Consider the heat equation:
$$u_t -\Delta u=0 \quad \text{in} \quad Q_T=\Omega \times(0,T) $$ $$u(\sigma,t)=0 $$ $$u(x,0)=g(x) \quad \text{in} \quad \Omega $$
a weak formulation is: find $u \in H^1(0,T;H^1_0(\Omega),H^-1(\Omega))$ s.t.
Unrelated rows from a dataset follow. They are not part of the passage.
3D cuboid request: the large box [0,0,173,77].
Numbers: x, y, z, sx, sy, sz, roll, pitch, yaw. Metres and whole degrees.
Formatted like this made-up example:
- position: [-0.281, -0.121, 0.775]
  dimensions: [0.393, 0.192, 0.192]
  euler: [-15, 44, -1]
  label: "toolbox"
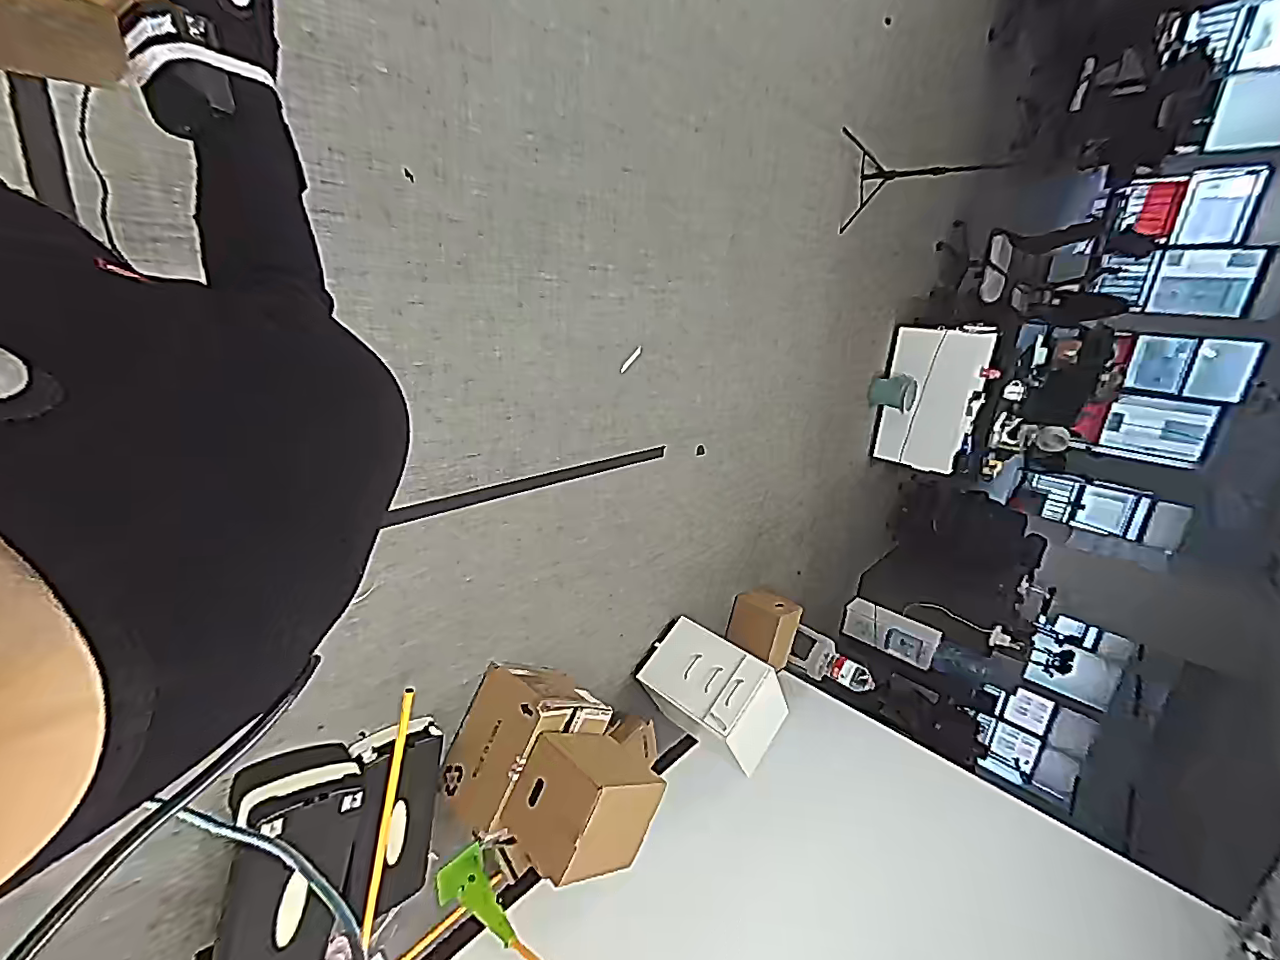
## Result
- position: [-0.572, -0.464, 0.280]
  dimensions: [0.408, 0.320, 0.320]
  euler: [-22, 123, -46]
  label: "large box"
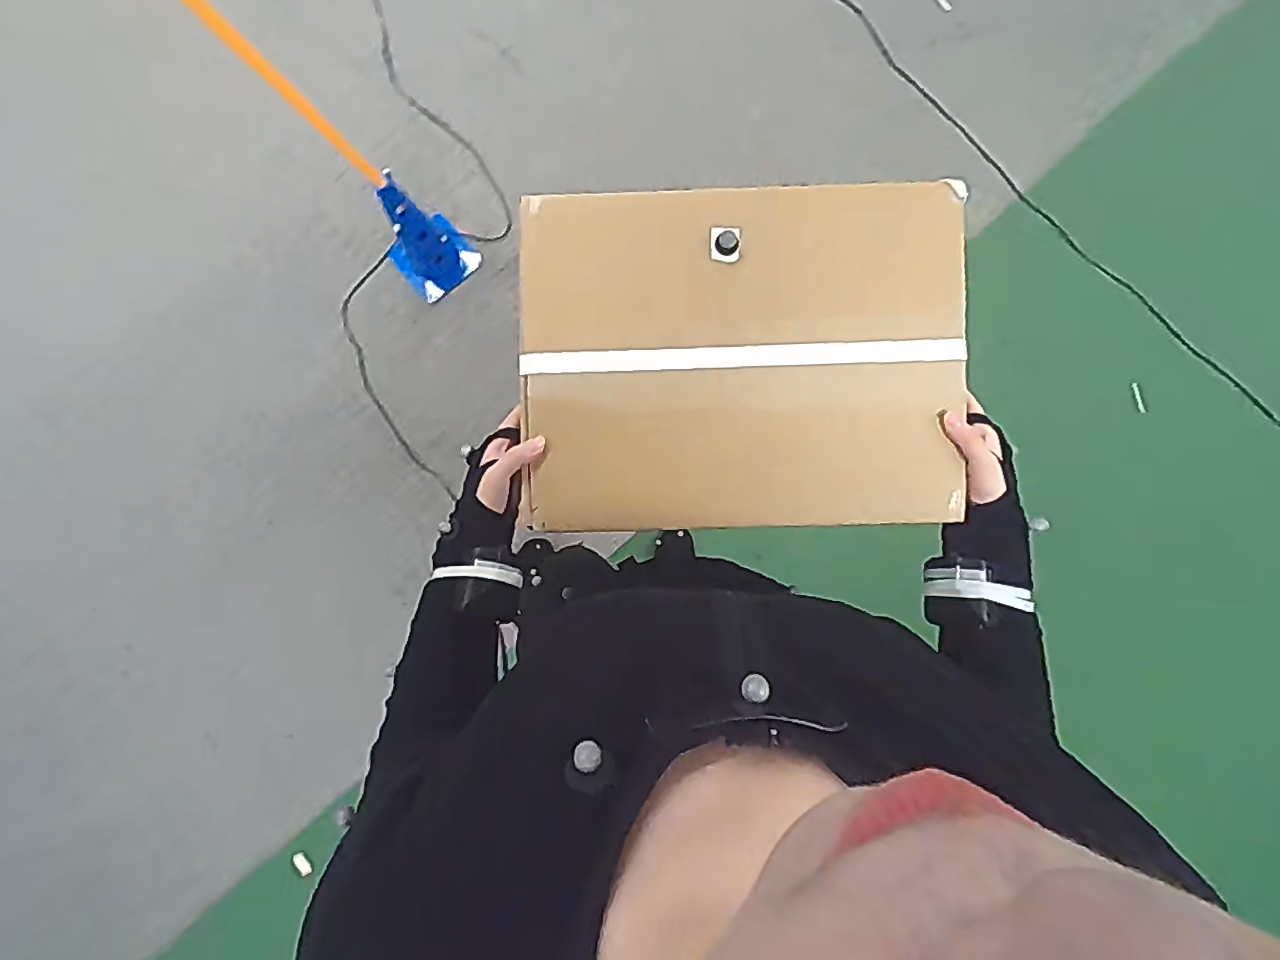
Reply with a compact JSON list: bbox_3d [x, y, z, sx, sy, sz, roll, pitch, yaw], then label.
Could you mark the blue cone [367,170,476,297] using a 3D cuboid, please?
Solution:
[{"bbox_3d":[-0.572,-0.636,1.353,0.193,0.380,0.192,-44,89,-3],"label":"blue cone"}]
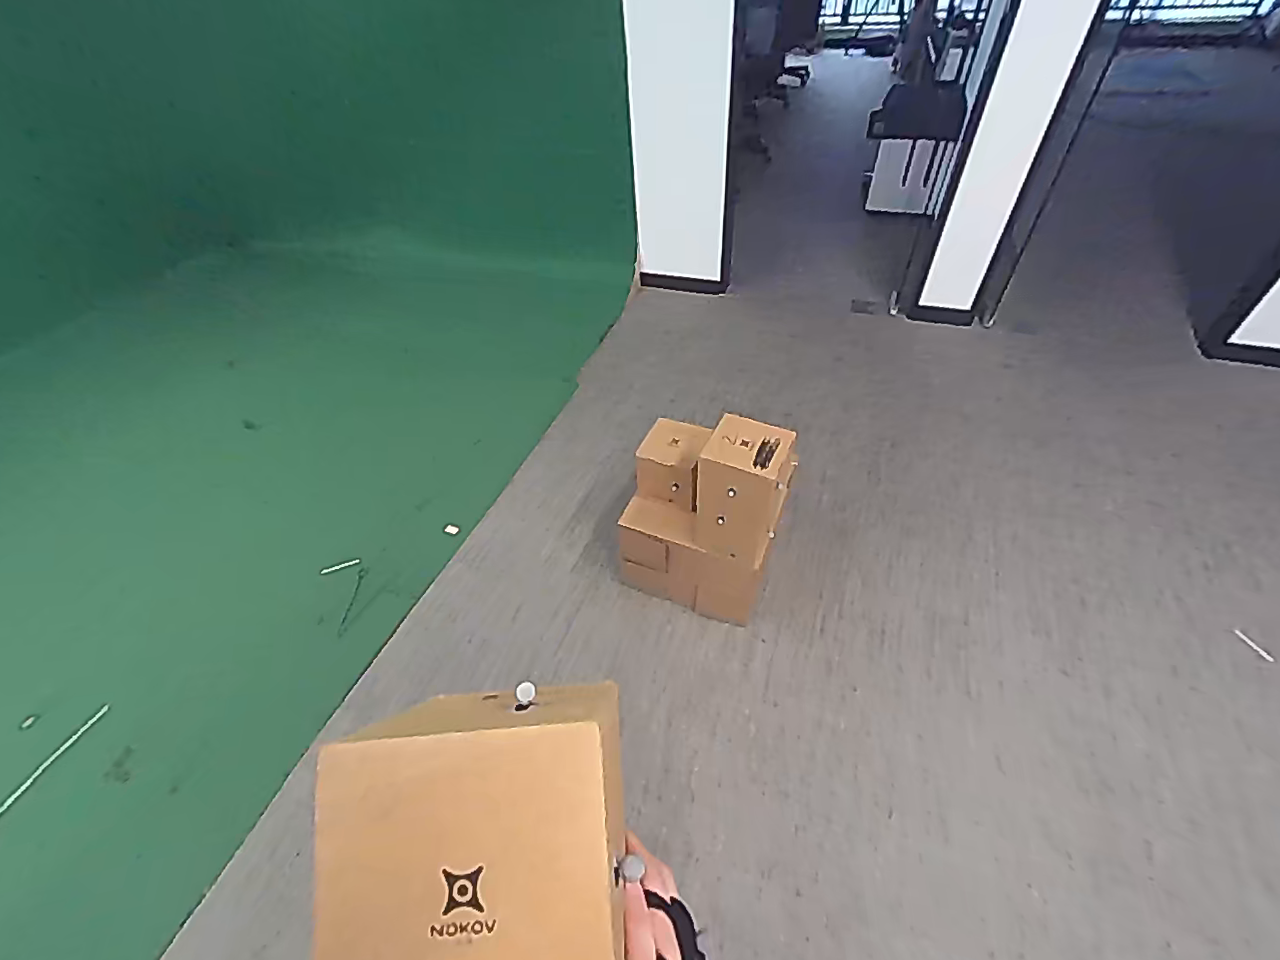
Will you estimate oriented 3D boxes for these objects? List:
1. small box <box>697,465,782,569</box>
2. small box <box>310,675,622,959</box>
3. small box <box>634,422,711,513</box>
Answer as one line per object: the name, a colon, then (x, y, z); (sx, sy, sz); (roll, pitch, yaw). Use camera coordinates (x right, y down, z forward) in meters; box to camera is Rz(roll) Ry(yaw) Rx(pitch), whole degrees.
small box: (0.251, 0.095, 1.389); (0.168, 0.176, 0.179); (18, 48, 20)
small box: (-0.101, 0.240, 0.383); (0.168, 0.176, 0.179); (-5, 79, 0)
small box: (0.097, -0.032, 1.530); (0.168, 0.176, 0.179); (16, 47, 19)
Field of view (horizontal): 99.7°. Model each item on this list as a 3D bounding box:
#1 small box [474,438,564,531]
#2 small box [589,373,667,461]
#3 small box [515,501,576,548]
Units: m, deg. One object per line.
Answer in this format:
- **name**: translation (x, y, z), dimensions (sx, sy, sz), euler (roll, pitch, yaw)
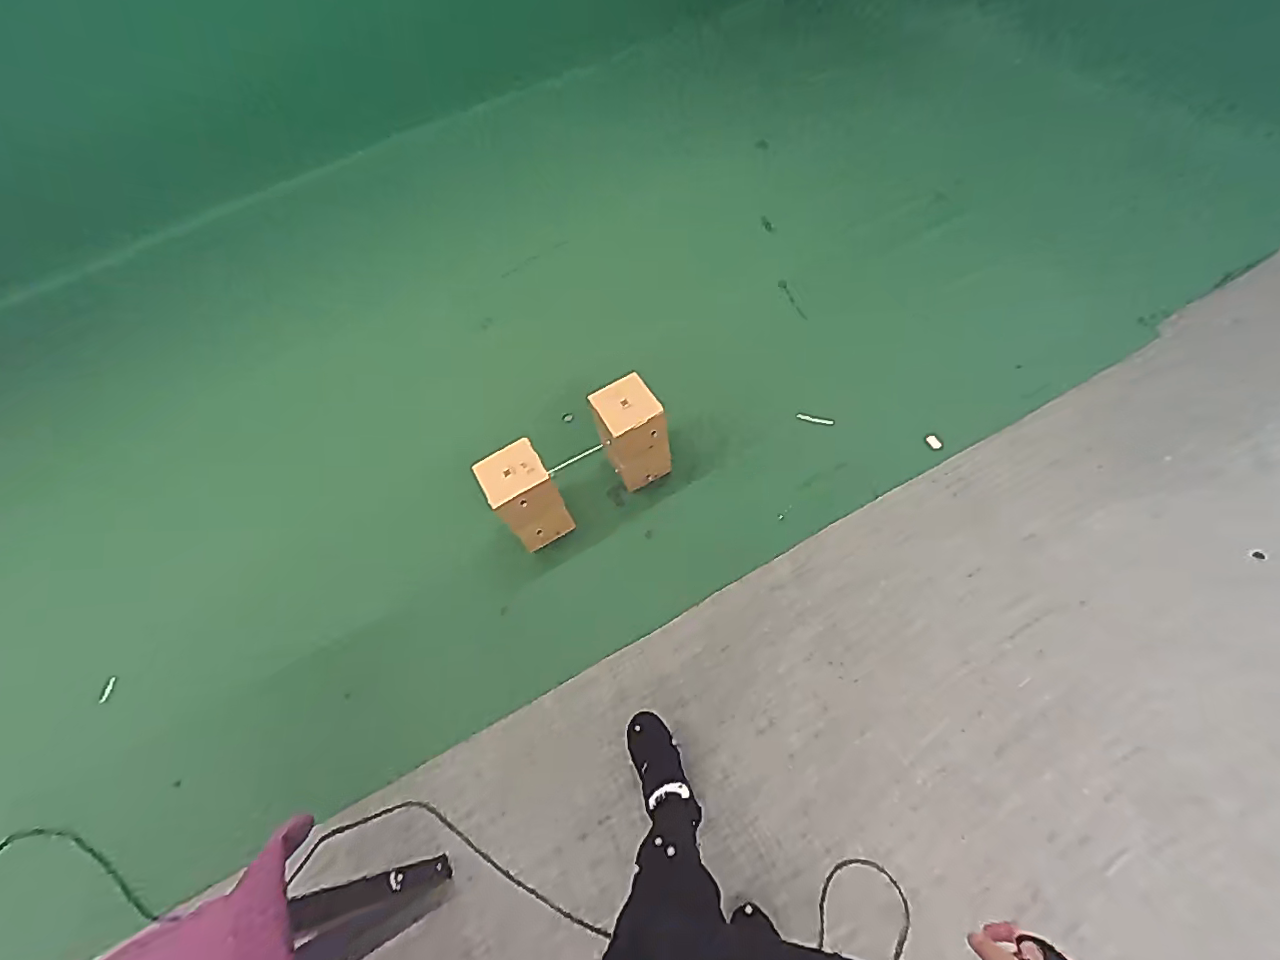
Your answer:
- **small box**: translation (-0.343, 0.019, 1.558), dimensions (0.179, 0.176, 0.168), euler (-30, 61, -8)
- **small box**: translation (-0.029, -0.180, 1.625), dimensions (0.168, 0.176, 0.179), euler (-29, 61, -9)
- **small box**: translation (-0.322, 0.095, 1.703), dimensions (0.168, 0.176, 0.179), euler (-30, 60, -8)
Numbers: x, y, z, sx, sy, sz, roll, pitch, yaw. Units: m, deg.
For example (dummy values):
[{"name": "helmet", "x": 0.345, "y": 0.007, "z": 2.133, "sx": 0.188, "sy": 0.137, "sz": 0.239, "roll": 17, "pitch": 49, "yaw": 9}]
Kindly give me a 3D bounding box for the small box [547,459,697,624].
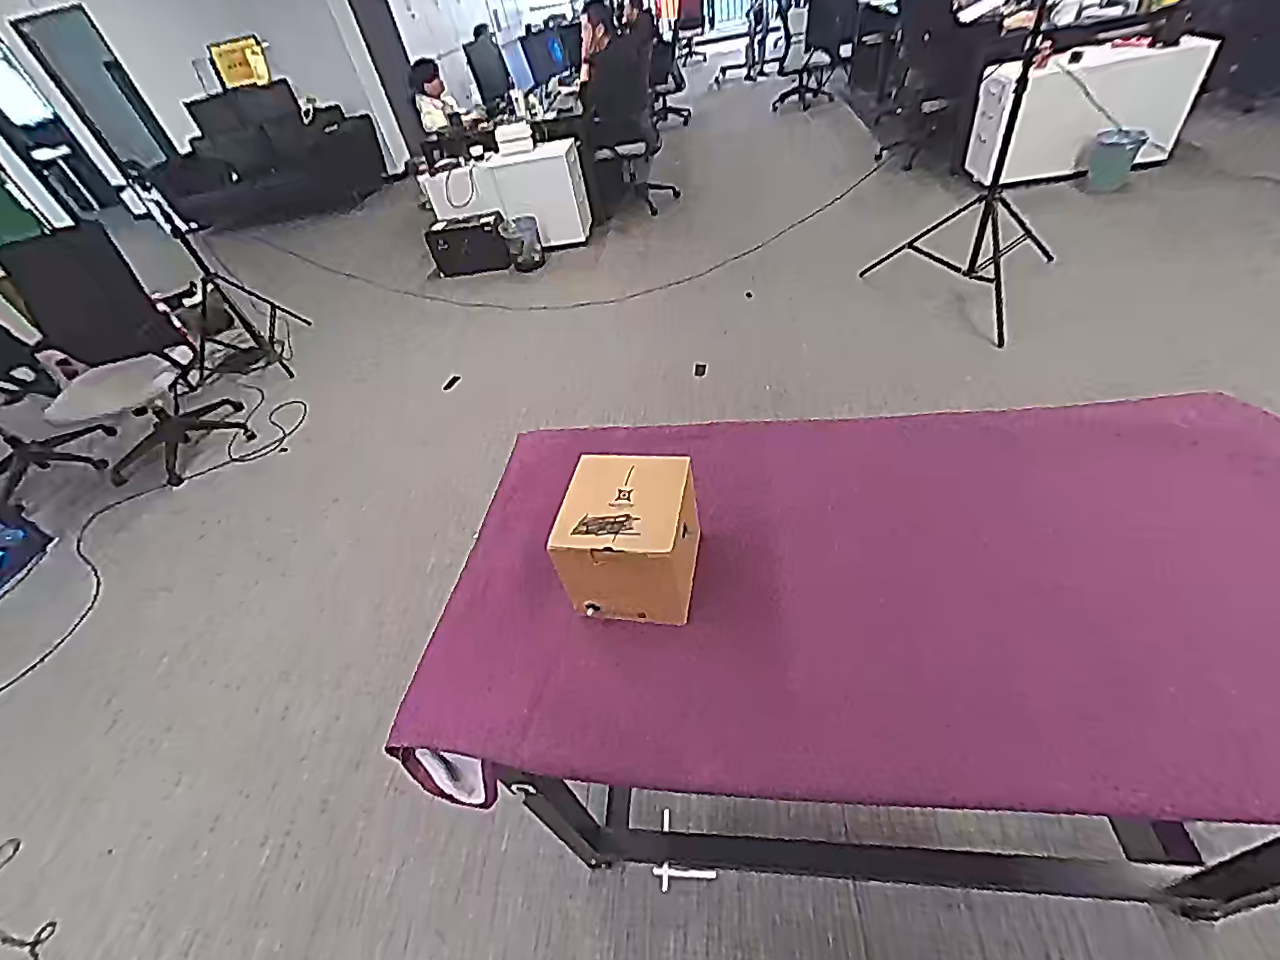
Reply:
[{"name": "small box", "x": -0.012, "y": 0.088, "z": 0.782, "sx": 0.168, "sy": 0.176, "sz": 0.179, "roll": 2, "pitch": 45, "yaw": 14}]

$$\lt \dot{u(t)},v\gt_* +(\nabla u(t),\nabla v)_{L^2}=0$$ $$ ||u(t)-g ||_{L_2} \rightarrow 0 \quad \text{as} \quad t \rightarrow0^+$$
From general theory, we have an apriori estimate on $u,\nabla u:$
$$ ||u(t)||_{L_2}^2 + \int_0^t||\nabla u(t)||_{L_2}^2dt \leq C ||g|||_{L_2}^2e^t $$
However, through the Faedo-Galerkin approximations, choosing as orthonormal basis in $L^2$ the "Dirichelet" eivengectors of $-\Delta$ we have a more specific esimate:
$$||\nabla u(t) ||_{L_2}^2 \leq \frac{1}{2et}||g||_{L_2}^2$$
and if $g \in H^1_0(\Omega)$
$$||\nabla u(t) ||_{L_2}^2 \leq e^{-2 \lambda_1 t}||\nabla g||_{L_2}^2 $$
This is very fine for the moment, but my book asserts that these results let us conclude that, if $$f=f(x) \in L^2(\Omega) $$ the solution $u$ of:
$$u_t -\Delta u=f(x) \quad \text{in} \quad Q_T=\Omega \times(0,T) $$ $$u(\sigma,t)=0 $$ $$u(x,0)=g(x) \quad \text{in} \quad \Omega $$
converges wrt $H^1_0$ norm to $u_{\infty}$ solution of:
$$ - \Delta u_{\infty} = f \quad \text{in} \quad \Omega$$
$$ u_{\infty}=0 \quad \text{on} \quad \partial \Omega$$
This further point is not very clear to me, because in order to find those estimates, I solved a linear sistem of ODEs on the Fourier's coefficients of $u$, which was homogeneous because $f=0$! Moreover, the exact formulation of these coefficient was the key to get those estimates, so how can I prove the latter result?
Finally, is that convergence always true?